Для футуриста опыт был и всегда должен был быть гонкой и вызовом в
неизвестность, разрывом связей с прошлым, без точных целей, с
любовью к разрушительному и обескураживающему жесту.
Абсолютная свобода личности была основополагающей ценностью
футуризма, и она не находила границ и не должна была допускать
никаких препятствий для своего безудержного и необузданного
развертывания. Любая форма общества, основанная на кодексе
ценностей, освященных прошлым и привычкой, была для футуриста
ограничением, которому новые люди, борющиеся за будущее, не могли
подчиниться. Футуристическая идеология не признавала послушания
закону, уважения к институциональной религии, культа традиции:
буржуазный мир должен был быть опрокинут новым футуристическим
божеством - скоростью, символом быстрых, неиссякаемых,
непрерывных изменений современной жизни.
Но есть война, которая хоронит его на семь тысяч саженей под землей
и пляшет над священной и ужасной могилой с гримасой страшного
колоссального апача, без лба, со всеми зубами и челюстями. Это война
угнетения, агрессии, несправедливого завоевания [...]. Тогда люди
вполне могут победить, потому что они - орда, но победа празднуется
добычей и резней, огнем и изнасилованием, детоубийством, увечьем,
выхолащиванием, всеми чудовищами, до которых может дойти
человеческий зверь, держась за нить своего жалкого разума, движимый
порывом своей первобытной свирепости. Но каждый свет отсутствует,
каждая вспышка немая, каждая пульсация истины отсутствует.
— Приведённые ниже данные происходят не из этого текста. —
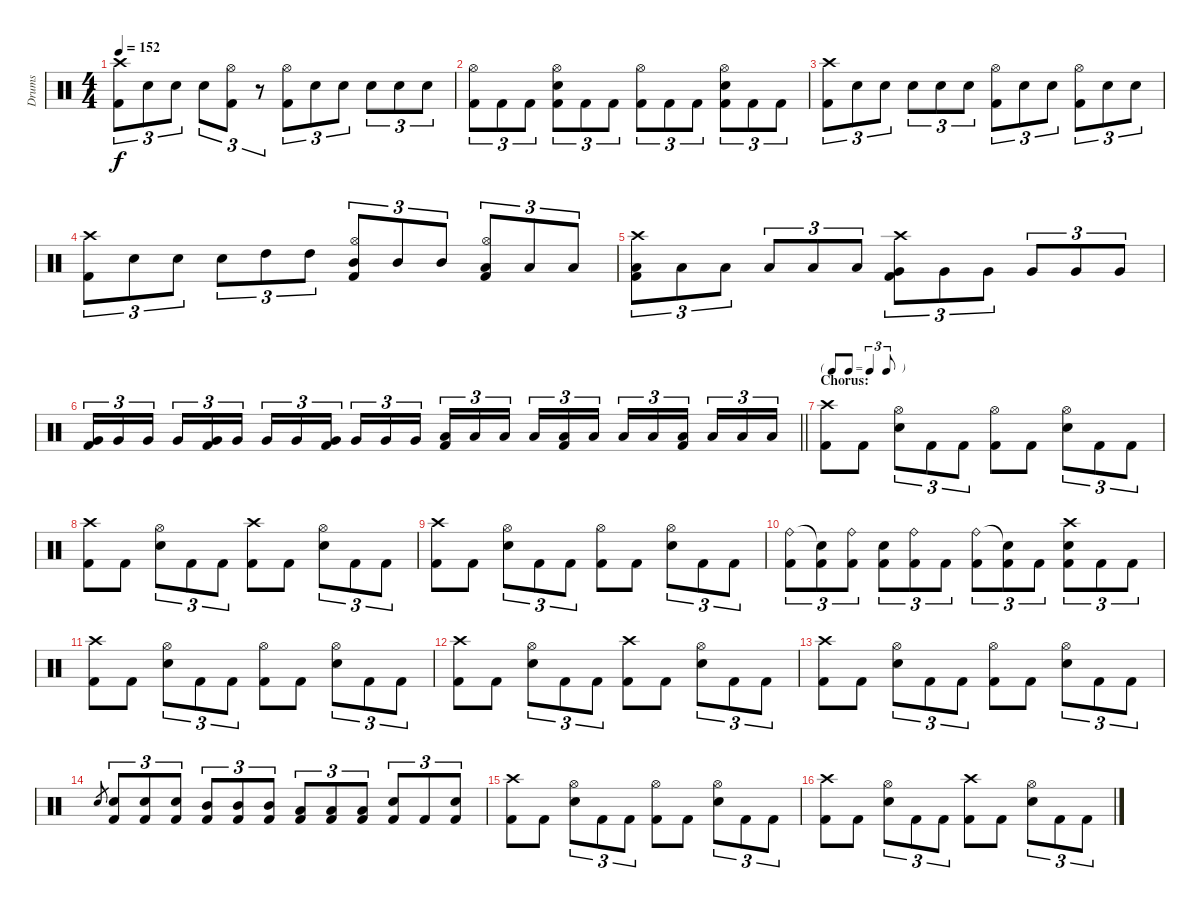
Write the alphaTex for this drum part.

\track ("Drums" "Drums") {instrument percussion}
\staff {score}
\articulation defaults
\ts (4 4)
\tempo 152
\clef neutral
\ks c
("Crash high (hit)" "Kick (hit) 2").8{tu (3 2) dy f} "Snare (hit) 2".8{tu (3 2)} "Snare (hit) 2".8{tu (3 2)} "Snare (hit) 2".8{tu (3 2)} ("Hi-Hat (open)" "Kick (hit) 2").8{tu (3 2)} r.8{tu (3 2)} ("Hi-Hat (open)" "Kick (hit) 2").8{tu (3 2)} "Snare (hit) 2".8{tu (3 2)} "Snare (hit) 2".8{tu (3 2)} "Snare (hit) 2".8{tu (3 2)} "Snare (hit) 2".8{tu (3 2)} "Snare (hit) 2".8{tu (3 2)} |
("Hi-Hat (open)" "Kick (hit) 2").8{tu (3 2)} "Kick (hit) 2".8{tu (3 2)} "Kick (hit) 2".8{tu (3 2)} ("Hi-Hat (open)" "Snare (hit) 2" "Kick (hit) 2").8{tu (3 2)} "Kick (hit) 2".8{tu (3 2)} "Kick (hit) 2".8{tu (3 2)} ("Hi-Hat (open)" "Kick (hit) 2").8{tu (3 2)} "Kick (hit) 2".8{tu (3 2)} "Kick (hit) 2".8{tu (3 2)} ("Hi-Hat (open)" "Snare (hit) 2" "Kick (hit) 2").8{tu (3 2)} "Kick (hit) 2".8{tu (3 2)} "Kick (hit) 2".8{tu (3 2)} |
("Crash high (hit)" "Kick (hit) 2").8{tu (3 2)} "Snare (hit) 2".8{tu (3 2)} "Snare (hit) 2".8{tu (3 2)} "Snare (hit) 2".8{tu (3 2)} "Snare (hit) 2".8{tu (3 2)} "Snare (hit) 2".8{tu (3 2)} ("Hi-Hat (open)" "Kick (hit) 2").8{tu (3 2)} "Snare (hit) 2".8{tu (3 2)} "Snare (hit) 2".8{tu (3 2)} ("Hi-Hat (open)" "Kick (hit) 2").8{tu (3 2)} "Snare (hit) 2".8{tu (3 2)} "Snare (hit) 2".8{tu (3 2)} |
("Crash high (hit)" "Kick (hit) 2").8{tu (3 2)} "Snare (hit) 2".8{tu (3 2)} "Snare (hit) 2".8{tu (3 2)} "Snare (hit) 2".8{tu (3 2)} "High Tom (hit)".8{tu (3 2)} "High Tom (hit)".8{tu (3 2)} ("Hi-Hat (open)" "Mid Tom (hit)" "Kick (hit) 2").8{tu (3 2)} "Mid Tom (hit)".8{tu (3 2)} "Mid Tom (hit)".8{tu (3 2)} ("Hi-Hat (open)" "Low Tom (hit)" "Kick (hit) 2").8{tu (3 2)} "Low Tom (hit)".8{tu (3 2)} "Low Tom (hit)".8{tu (3 2)} |
("Crash high (hit)" "Low Tom (hit)" "Kick (hit) 2").8{tu (3 2)} "Low Tom (hit)".8{tu (3 2)} "Low Tom (hit)".8{tu (3 2)} "Low Tom (hit)".8{tu (3 2)} "Low Tom (hit)".8{tu (3 2)} "Low Tom (hit)".8{tu (3 2)} ("Crash high (hit)" "Very Low Tom (hit)" "Kick (hit) 2").8{tu (3 2)} "Very Low Tom (hit)".8{tu (3 2)} "Very Low Tom (hit)".8{tu (3 2)} "Very Low Tom (hit)".8{tu (3 2)} "Very Low Tom (hit)".8{tu (3 2)} "Very Low Tom (hit)".8{tu (3 2)} |
\barLineRight lightlight
("Very Low Tom (hit)" "Kick (hit) 2").16{tu (3 2)} "Very Low Tom (hit)".16{tu (3 2)} "Very Low Tom (hit)".16{tu (3 2) beam splitsecondary} "Very Low Tom (hit)".16{tu (3 2)} ("Very Low Tom (hit)" "Kick (hit) 2").16{tu (3 2)} "Very Low Tom (hit)".16{tu (3 2)} "Very Low Tom (hit)".16{tu (3 2)} "Very Low Tom (hit)".16{tu (3 2)} ("Very Low Tom (hit)" "Kick (hit) 2").16{tu (3 2) beam splitsecondary} "Very Low Tom (hit)".16{tu (3 2)} "Very Low Tom (hit)".16{tu (3 2)} "Very Low Tom (hit)".16{tu (3 2)} ("Low Floor Tom (hit)" "Kick (hit) 2").16{tu (3 2)} "Low Floor Tom (hit)".16{tu (3 2)} "Low Floor Tom (hit)".16{tu (3 2) beam splitsecondary} "Low Floor Tom (hit)".16{tu (3 2)} ("Low Floor Tom (hit)" "Kick (hit) 2").16{tu (3 2)} "Low Floor Tom (hit)".16{tu (3 2)} "Low Floor Tom (hit)".16{tu (3 2)} "Low Floor Tom (hit)".16{tu (3 2)} ("Low Floor Tom (hit)" "Kick (hit) 2").16{tu (3 2) beam splitsecondary} "Low Floor Tom (hit)".16{tu (3 2)} "Low Floor Tom (hit)".16{tu (3 2)} "Low Floor Tom (hit)".16{tu (3 2)} |
\tf triplet8th
\section ("" "Chorus:")
("Crash high (hit)" "Kick (hit) 2").8 "Kick (hit) 2".8 ("Hi-Hat (open)" "Snare (hit) 2").8{tu (3 2)} "Kick (hit) 2".8{tu (3 2)} "Kick (hit) 2".8{tu (3 2)} ("Hi-Hat (open)" "Kick (hit) 2").8 "Kick (hit) 2".8 ("Hi-Hat (open)" "Snare (hit) 2").8{tu (3 2)} "Kick (hit) 2".8{tu (3 2)} "Kick (hit) 2".8{tu (3 2)} |
("Crash high (hit)" "Kick (hit) 2").8 "Kick (hit) 2".8 ("Hi-Hat (open)" "Snare (hit) 2").8{tu (3 2)} "Kick (hit) 2".8{tu (3 2)} "Kick (hit) 2".8{tu (3 2)} ("Crash high (hit)" "Kick (hit) 2").8 "Kick (hit) 2".8 ("Hi-Hat (open)" "Snare (hit) 2").8{tu (3 2)} "Kick (hit) 2".8{tu (3 2)} "Kick (hit) 2".8{tu (3 2)} |
("Crash high (hit)" "Kick (hit) 2").8 "Kick (hit) 2".8 ("Hi-Hat (open)" "Snare (hit) 2").8{tu (3 2)} "Kick (hit) 2".8{tu (3 2)} "Kick (hit) 2".8{tu (3 2)} ("Hi-Hat (open)" "Kick (hit) 2").8 "Kick (hit) 2".8 ("Hi-Hat (open)" "Snare (hit) 2").8{tu (3 2)} "Kick (hit) 2".8{tu (3 2)} "Kick (hit) 2".8{tu (3 2)} |
("Ride (bell)" "Kick (hit) 2").8{tu (3 2)} ("Snare (hit)"{t} "Kick (hit) 2").8{tu (3 2)} ("Ride (bell)" "Kick (hit) 2").8{tu (3 2)} ("Snare (hit) 2" "Kick (hit) 2").8{tu (3 2)} ("Ride (bell)" "Kick (hit) 2").8{tu (3 2)} "Kick (hit) 2".8{tu (3 2)} ("Ride (bell)" "Kick (hit) 2").8{tu (3 2)} ("Snare (hit)"{t} "Kick (hit) 2").8{tu (3 2)} "Kick (hit) 2".8{tu (3 2)} ("Crash high (hit)" "Snare (hit) 2" "Kick (hit) 2").8{tu (3 2)} "Kick (hit) 2".8{tu (3 2)} "Kick (hit) 2".8{tu (3 2)} |
("Crash high (hit)" "Kick (hit) 2").8 "Kick (hit) 2".8 ("Hi-Hat (open)" "Snare (hit) 2").8{tu (3 2)} "Kick (hit) 2".8{tu (3 2)} "Kick (hit) 2".8{tu (3 2)} ("Hi-Hat (open)" "Kick (hit) 2").8 "Kick (hit) 2".8 ("Hi-Hat (open)" "Snare (hit) 2").8{tu (3 2)} "Kick (hit) 2".8{tu (3 2)} "Kick (hit) 2".8{tu (3 2)} |
("Crash high (hit)" "Kick (hit) 2").8 "Kick (hit) 2".8 ("Hi-Hat (open)" "Snare (hit) 2").8{tu (3 2)} "Kick (hit) 2".8{tu (3 2)} "Kick (hit) 2".8{tu (3 2)} ("Crash high (hit)" "Kick (hit) 2").8 "Kick (hit) 2".8 ("Hi-Hat (open)" "Snare (hit) 2").8{tu (3 2)} "Kick (hit) 2".8{tu (3 2)} "Kick (hit) 2".8{tu (3 2)} |
("Crash high (hit)" "Kick (hit) 2").8 "Kick (hit) 2".8 ("Hi-Hat (open)" "Snare (hit) 2").8{tu (3 2)} "Kick (hit) 2".8{tu (3 2)} "Kick (hit) 2".8{tu (3 2)} ("Hi-Hat (open)" "Kick (hit) 2").8 "Kick (hit) 2".8 ("Hi-Hat (open)" "Snare (hit) 2").8{tu (3 2)} "Kick (hit) 2".8{tu (3 2)} "Kick (hit) 2".8{tu (3 2)} |
"Snare (hit) 2".8{gr} ("Snare (hit) 2" "Kick (hit) 2").8{tu (3 2)} ("Snare (hit) 2" "Kick (hit) 2").8{tu (3 2)} ("Snare (hit) 2" "Kick (hit) 2").8{tu (3 2)} ("Mid Tom (hit)" "Kick (hit) 2").8{tu (3 2)} ("Mid Tom (hit)" "Kick (hit) 2").8{tu (3 2)} ("Mid Tom (hit)" "Kick (hit) 2").8{tu (3 2)} ("Low Tom (hit)" "Kick (hit) 2").8{tu (3 2)} ("Low Tom (hit)" "Kick (hit) 2").8{tu (3 2)} ("Low Tom (hit)" "Kick (hit) 2").8{tu (3 2)} ("Snare (hit) 2" "Kick (hit) 2").8{tu (3 2)} "Kick (hit) 2".8{tu (3 2)} ("Snare (hit) 2" "Kick (hit) 2").8{tu (3 2)} |
("Crash high (hit)" "Kick (hit) 2").8 "Kick (hit) 2".8 ("Hi-Hat (open)" "Snare (hit) 2").8{tu (3 2)} "Kick (hit) 2".8{tu (3 2)} "Kick (hit) 2".8{tu (3 2)} ("Hi-Hat (open)" "Kick (hit) 2").8 "Kick (hit) 2".8 ("Hi-Hat (open)" "Snare (hit) 2").8{tu (3 2)} "Kick (hit) 2".8{tu (3 2)} "Kick (hit) 2".8{tu (3 2)} |
("Crash high (hit)" "Kick (hit) 2").8 "Kick (hit) 2".8 ("Hi-Hat (open)" "Snare (hit) 2").8{tu (3 2)} "Kick (hit) 2".8{tu (3 2)} "Kick (hit) 2".8{tu (3 2)} ("Crash high (hit)" "Kick (hit) 2").8 "Kick (hit) 2".8 ("Hi-Hat (open)" "Snare (hit) 2").8{tu (3 2)} "Kick (hit) 2".8{tu (3 2)} "Kick (hit) 2".8{tu (3 2)}

К 1919 году, когда война закончилась, социализм как доктрина был уже
мертв: он существовал только в виде негодования, у него оставалась
только одна возможность, особенно в Италии, - месть тем, кто хотел
войны и кто должен был ее "искупить". Подзаголовок "Popolo d'Italia"
был "газета борцов и производителей". Слово "производители" уже
было выражением менталитета. Фашизм не был сдержан доктриной,
разработанной заранее, за письменным столом: он родился из
потребности в действии, и это было действие; это была не партия, а, в
первые два года, антипартия и движение. Название, которое я дал
организации, зафиксировало ее характер. И все же каждый, кто
перечитает отчет об учредительном собрании Fasci Italiani di
combattimento (Итальянских боевых федераций) в ныне уничтоженных
газетах того времени, найдет там не доктрину, а ряд намеков,
предвосхищений и подсказок, которые, освобожденные от неизбежной
ганги случайностей, через несколько лет должны были превратиться в
ряд доктринированных положений, сделав фашизм самостоятельной
политической доктриной по сравнению со всеми другими, прошлыми
и современными1.
Итак, никаких партий, только идеи, идеи, которые служат тому, чтобы
улучшить нас на благо нации [...]. Для этого партии бесполезны.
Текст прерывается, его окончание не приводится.